Fortnite Early Access Review - Stormy Weather


Since the launch of the PS4, there have been numerous free-to-play titles available. Much like their brethren on mobile, these games offer the base game for free and then charge for in-game purchases that you can usually earn through patience and time. Or, in some cases, these purchases are needed to truly progress.

It's a fine line, and now we have another contender in the form of Fortnite. What makes this one stand out, though, is the fact that you need to pay to play it. Currently, Fortnite is in early access and will stay that way until 2018. When it's finished, it will be a free-to-play title. For now, you need to pay if you want to get in early.

Is it worth throwing down your hard-earned cash for a game that will eventually be free anyway? Let's find out!

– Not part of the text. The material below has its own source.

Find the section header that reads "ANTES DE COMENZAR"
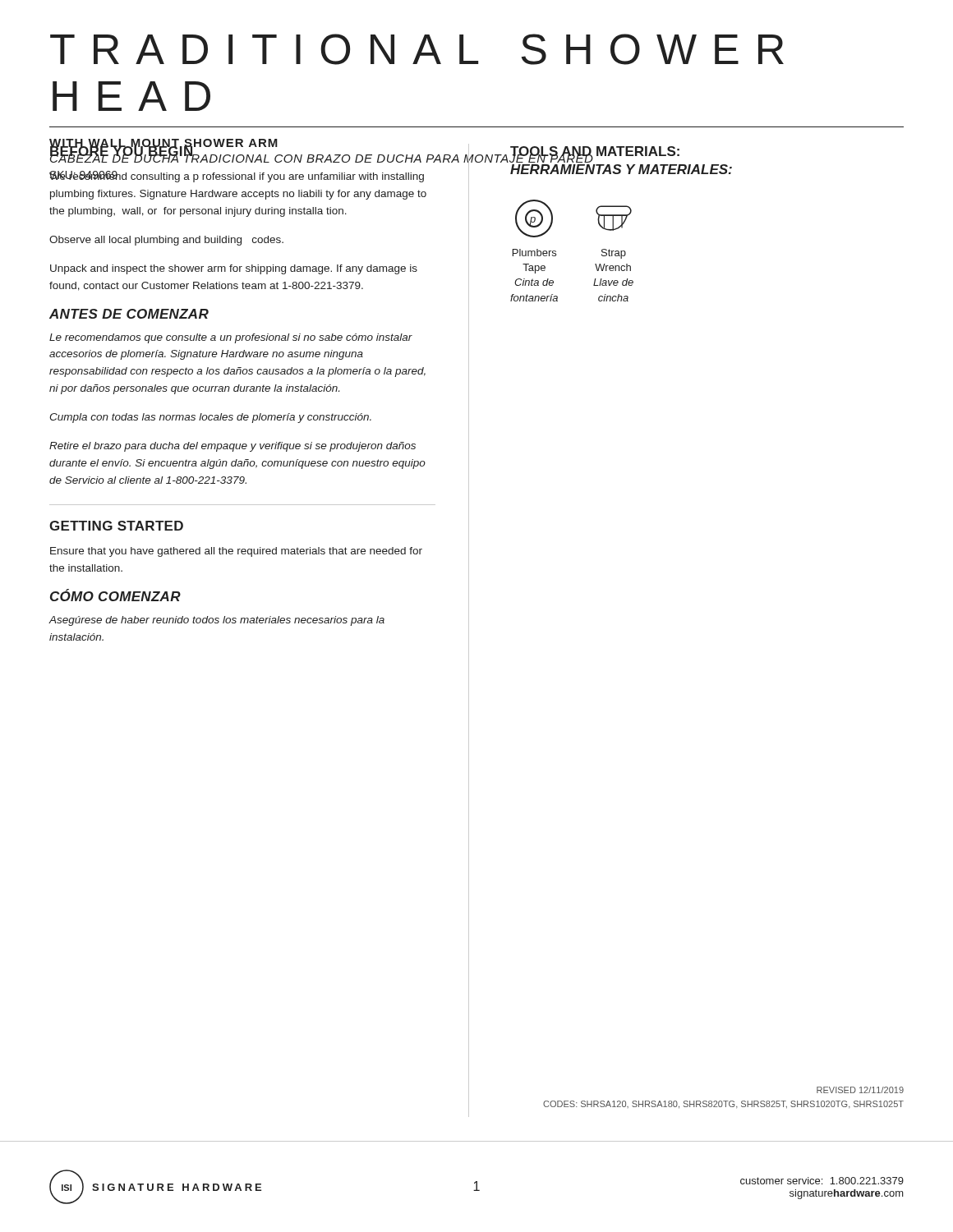The width and height of the screenshot is (953, 1232). point(129,314)
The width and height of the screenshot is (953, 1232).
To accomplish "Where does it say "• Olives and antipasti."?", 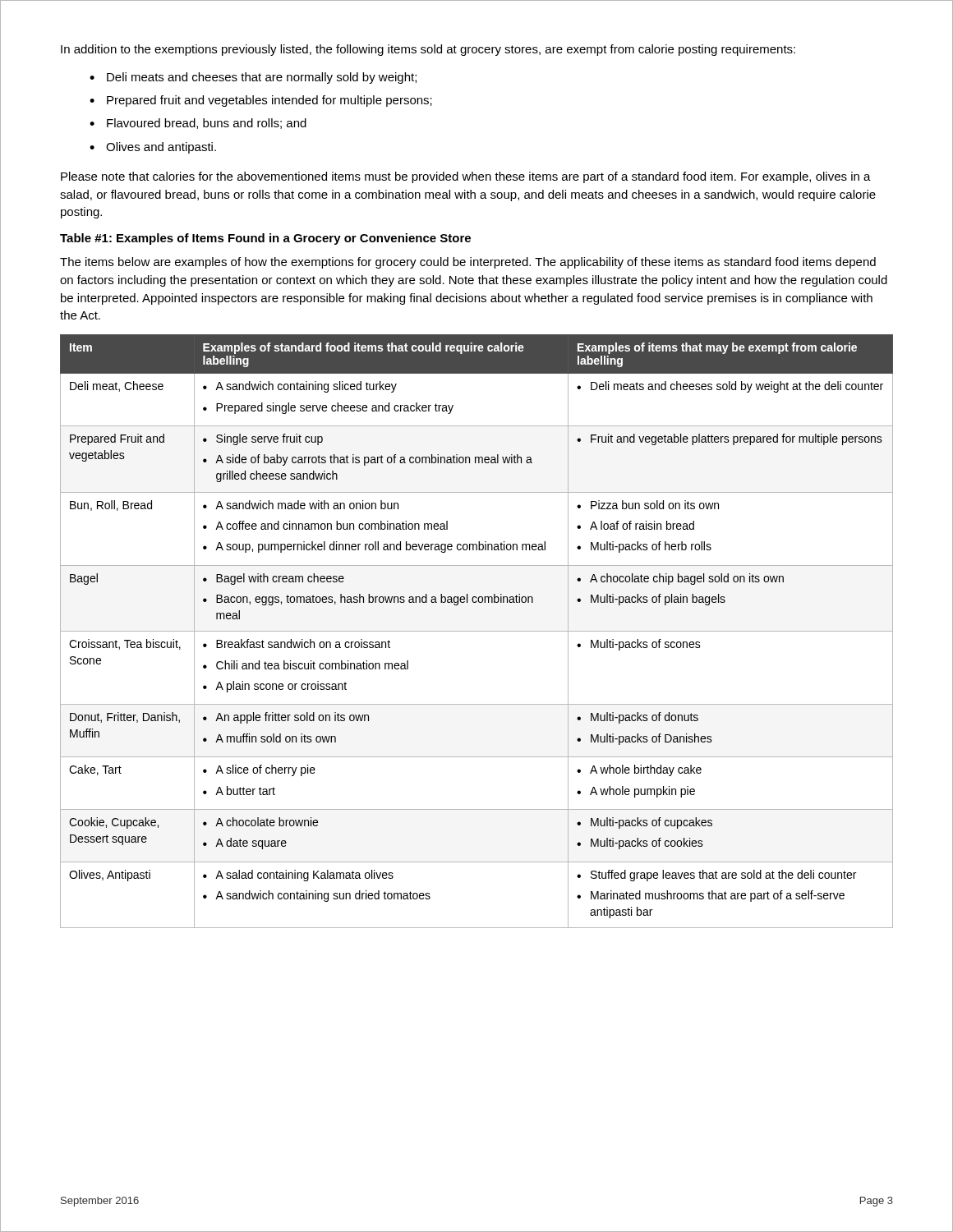I will click(153, 148).

A Unique Take on the Zombie Story

Fortnite is an online cooperative shooter, but it does have a framing narrative that surrounds everything. Through the first several tutorial missions, you'll learn about a mysterious storm that is currently sweeping across the world, turning people into creatures called Husks.

You play as the "Commander" and you are in control of a base that is designed to push back the storm. With the help of fighters, survivors, and your trusty robot companions, it's your job to try and save as many people as you can, while building up your base and pushing back the storm.

It's a pretty cool setup, and one thing Fortnite does really well is its humor. The game wears its goofy presentation and whacky characters on its sleeve, and it's all the better for it.

Once the framing narrative is set up, the game settles into a standard progression of missions and mission types, but that ever-present threat of the storm keeps the feeling of urgency in the air.

As an online cooperative shooter, I didn't expect as much story as I got, so the opening missions and setup were a pleasant surprise, and gave me a reason to care about the world.

Once the story settles down, the gameplay takes over. How does Fortnite fare in these early stages? That's where things get complicated.

The Three Sides of Fortnite: An Identity Crisis

Fortnite is a game that tries to do a lot within one experience. Before we dive into the free-to-play model, let's talk about everything going on here:

Side 1: The Shooter/Builder Combo


During your missions, Fortnite plays like a cooperative shooter. This is the first side of the game. You have various characters you can unlock and upgrade, a wide variety of guns and melee weapons, and differing special attacks/abilities.

The actual gunplay in Fortnite feels great. It's smooth to play, the controls are tight, and the varying weapons offer a lot of ways to approach the combat.

The enemies, known as Husks, come in a few different varieties, with more added as you progress. The vast majority will come at you and your base with unrelenting resolve, but others have ranged attacks or special abilities like a charge attack.

Beyond your guns and melee weapons, you'll have plenty more at your disposal. depending on the mission type, Fortnite will allow you to explore procedurally generated maps to gather crafting materials and break down various things in the environment.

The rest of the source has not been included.